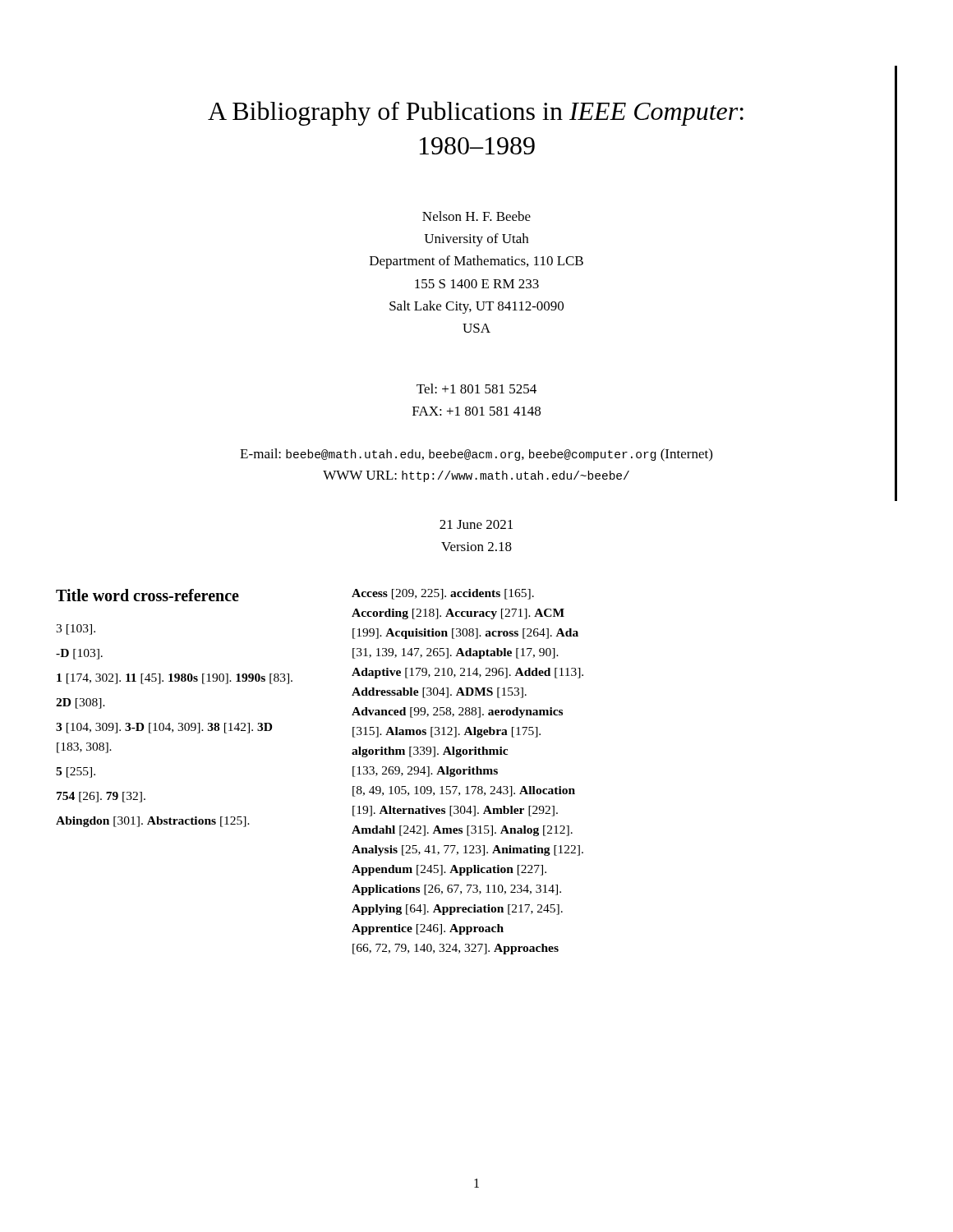Find the block on this page that starts "1 [174, 302]. 11 [45]."
Image resolution: width=953 pixels, height=1232 pixels.
[x=175, y=677]
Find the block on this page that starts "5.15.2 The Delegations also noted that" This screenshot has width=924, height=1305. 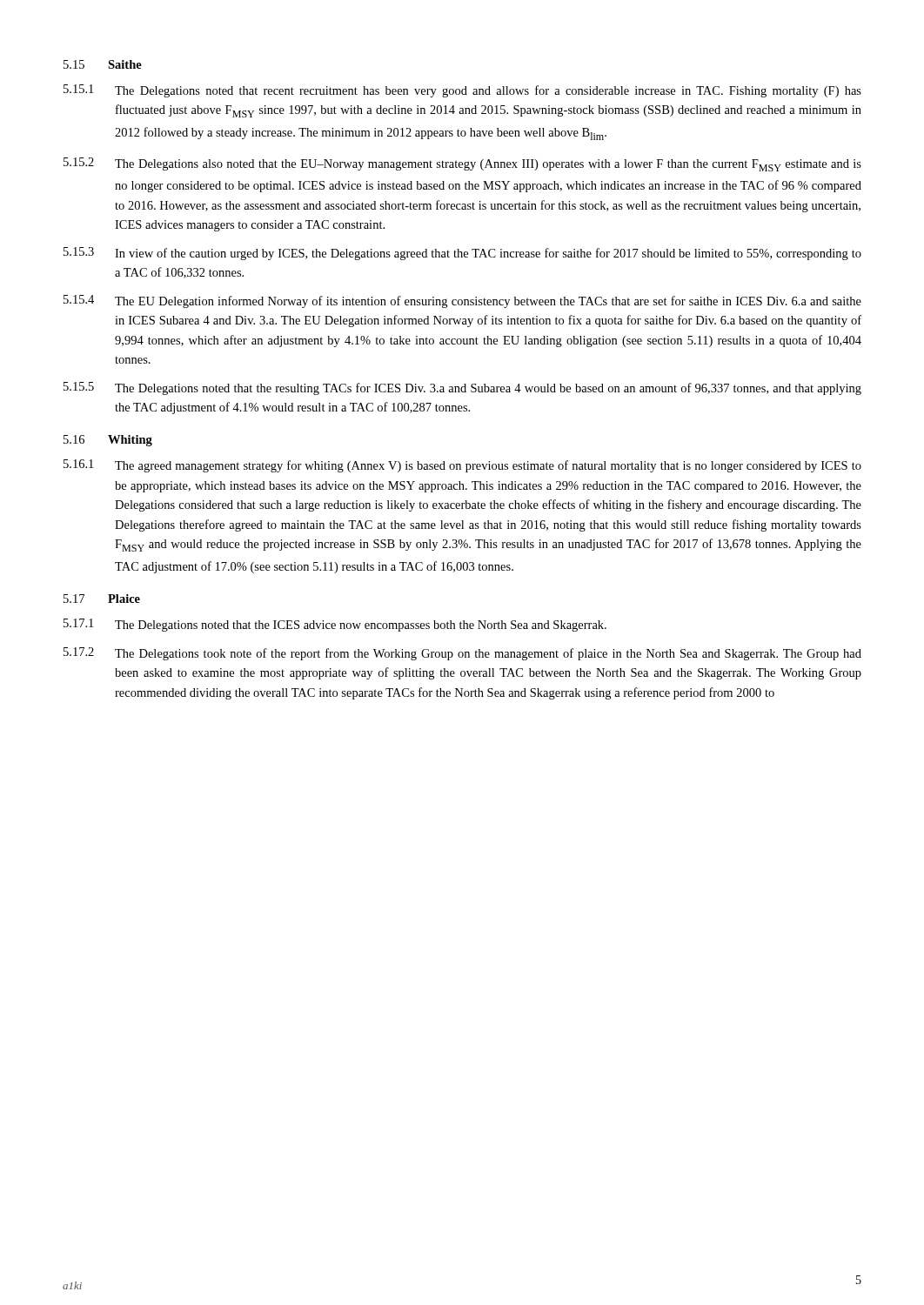tap(462, 194)
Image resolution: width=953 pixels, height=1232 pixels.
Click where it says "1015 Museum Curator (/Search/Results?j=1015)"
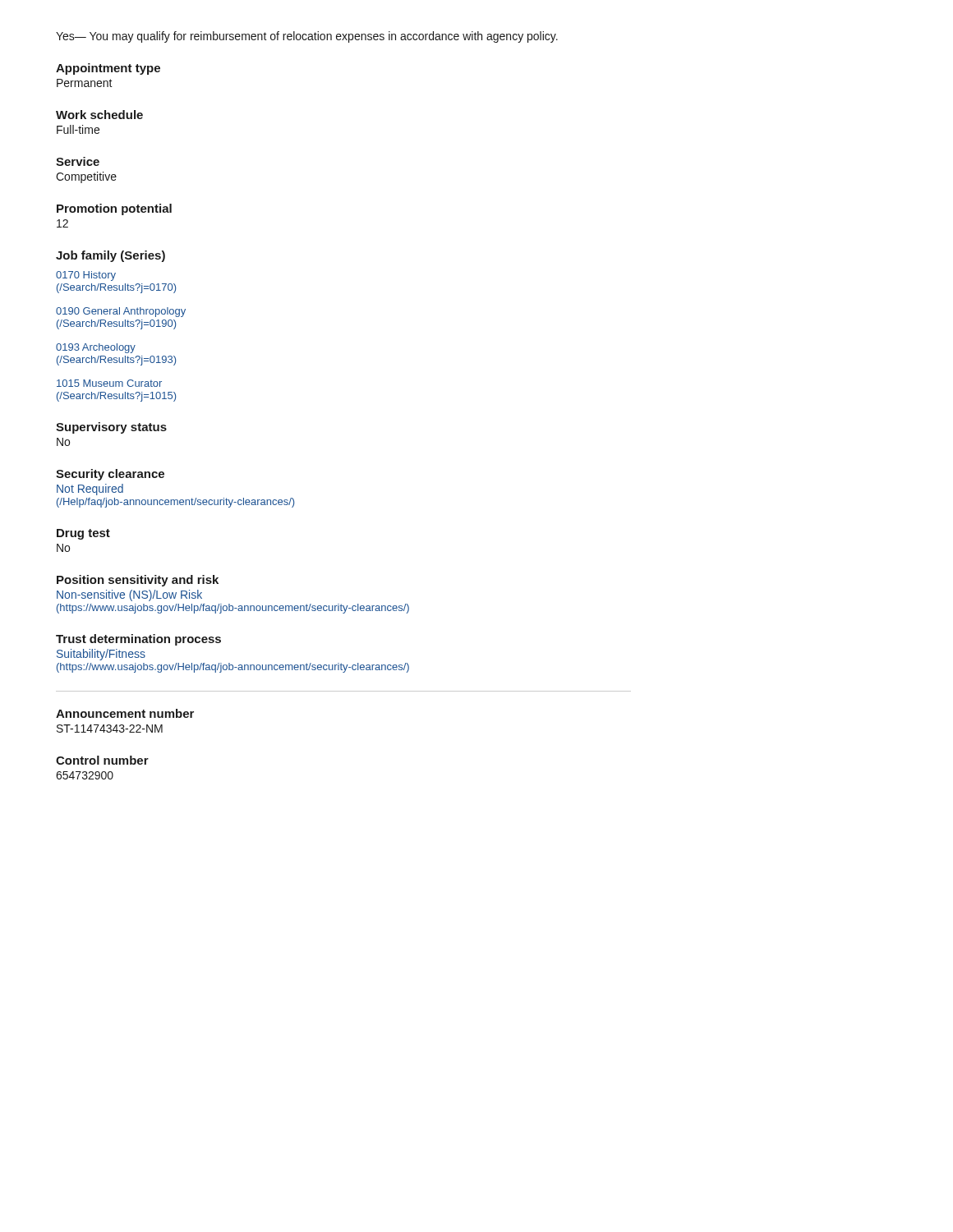point(109,383)
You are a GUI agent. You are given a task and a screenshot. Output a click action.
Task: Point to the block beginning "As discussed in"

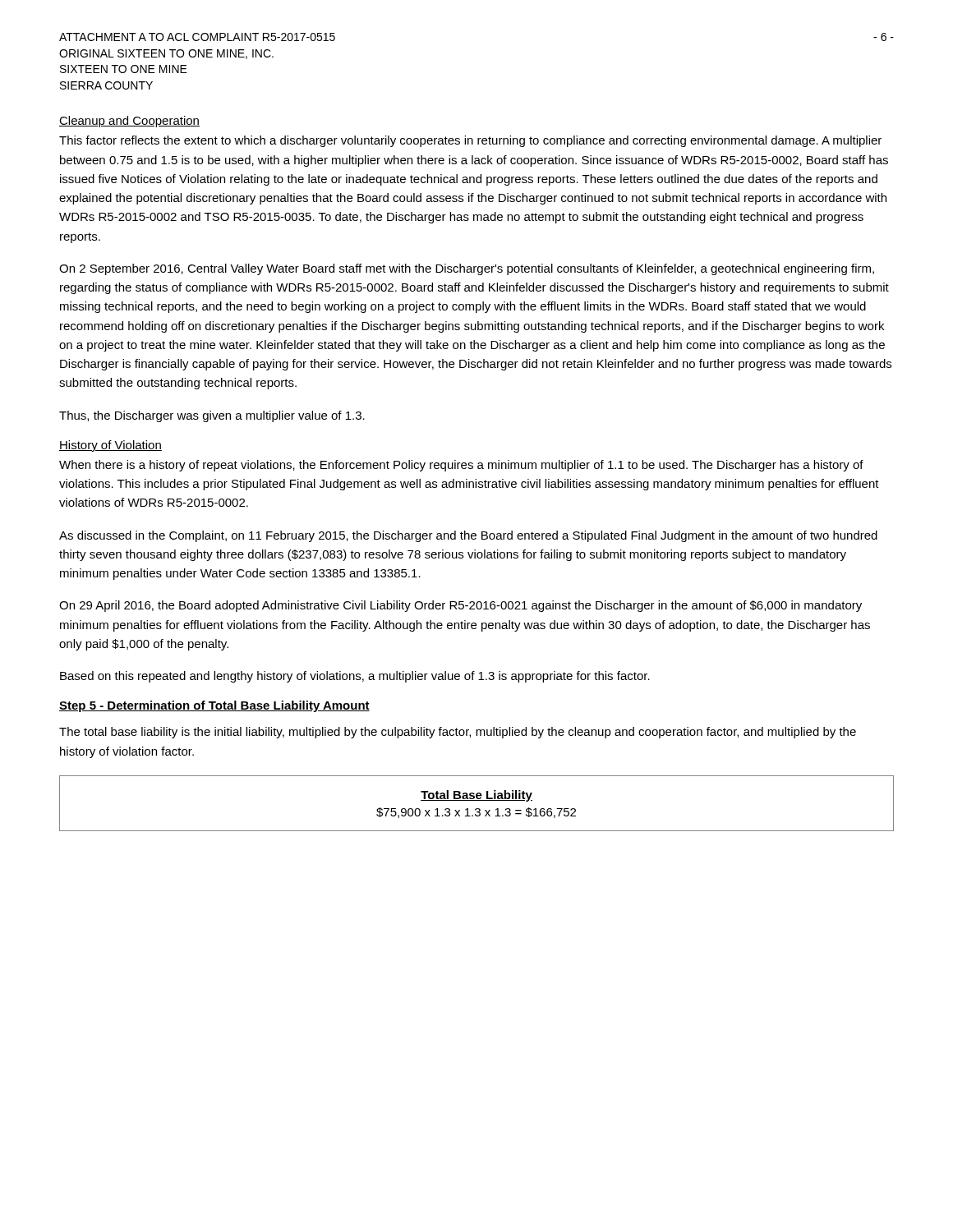coord(468,554)
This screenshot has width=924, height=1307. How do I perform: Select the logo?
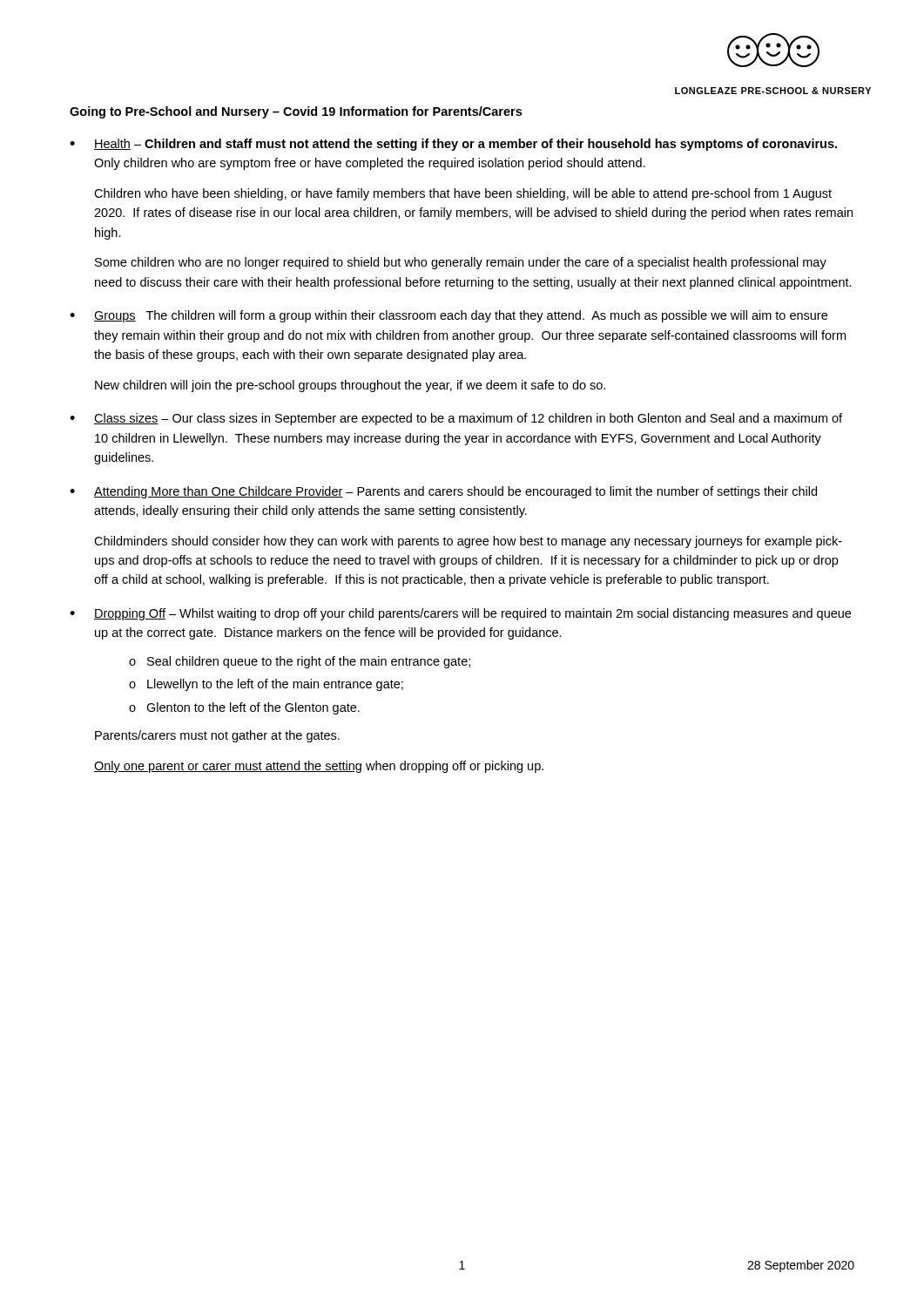tap(773, 64)
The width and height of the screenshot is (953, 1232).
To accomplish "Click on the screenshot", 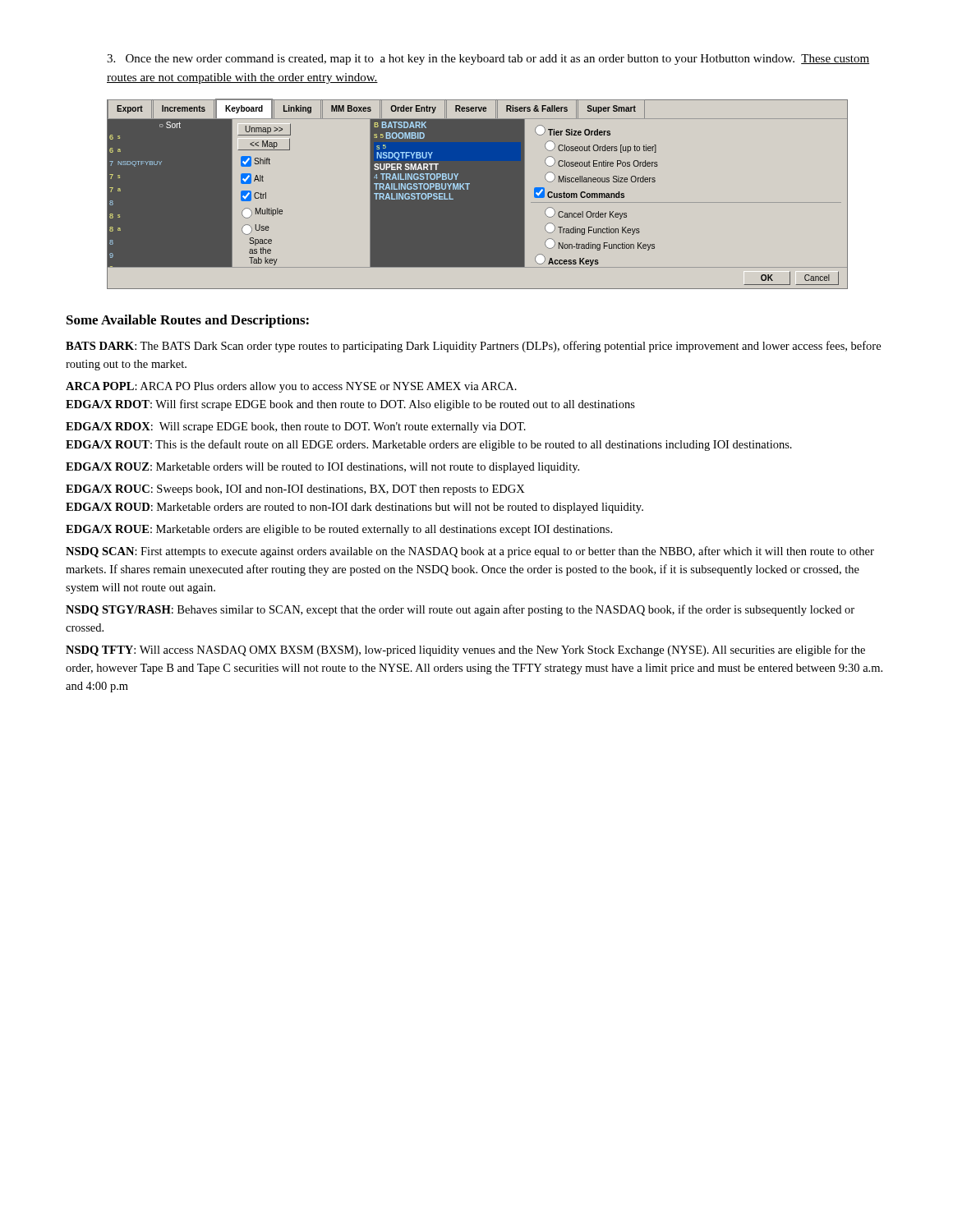I will point(497,194).
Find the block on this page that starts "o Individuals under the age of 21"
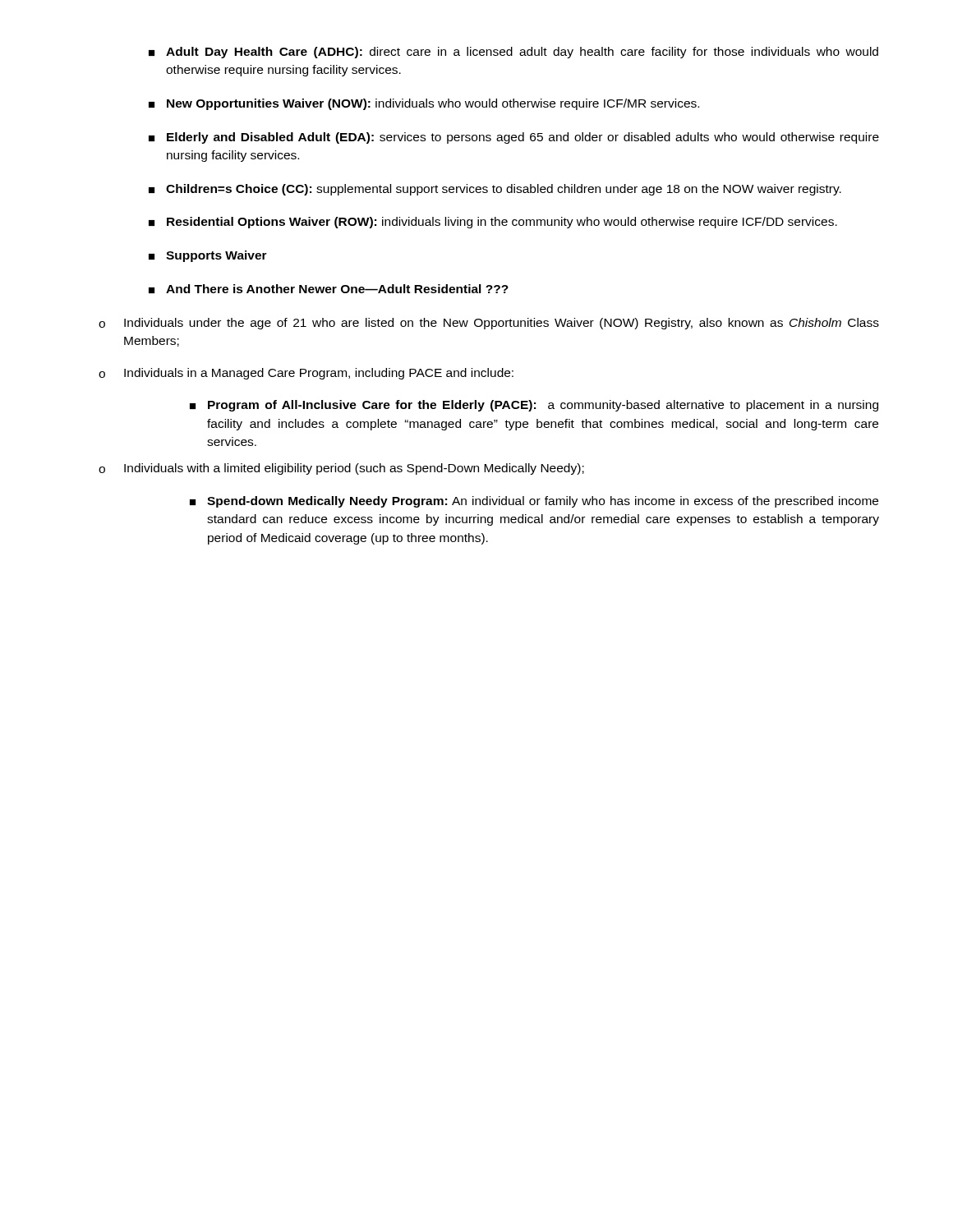The height and width of the screenshot is (1232, 953). 489,332
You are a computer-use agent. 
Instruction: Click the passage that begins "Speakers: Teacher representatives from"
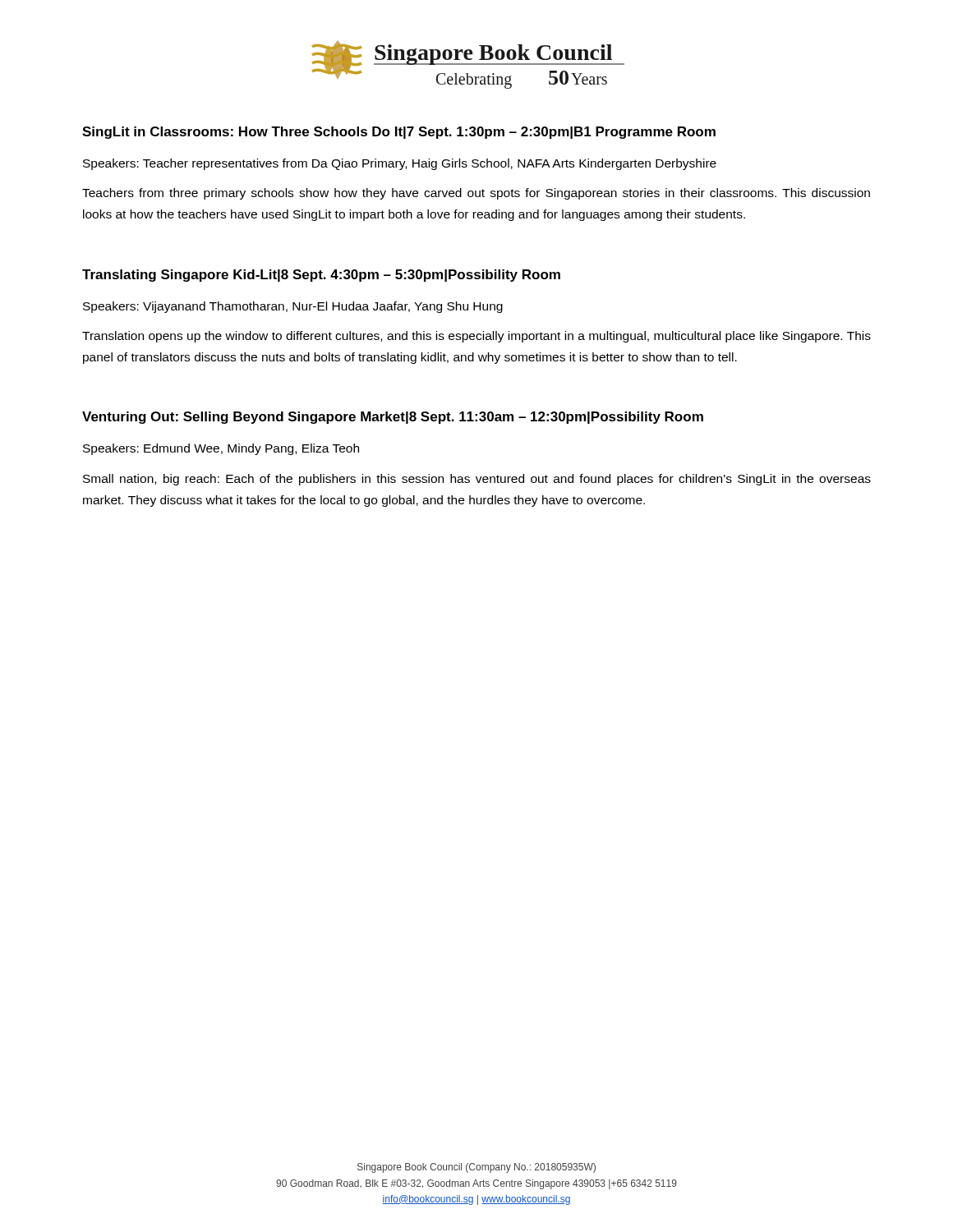pos(399,163)

_Problem to work on_: Pictures aside, reproduce exactly the lines from the one containing "You are a computer-use agent." to the end of the listing above, both ends included.

_Your solution_:
You are a computer-use agent. 
Instruction: Click the passage that begins "Speakers: Teacher representatives from"
pos(399,163)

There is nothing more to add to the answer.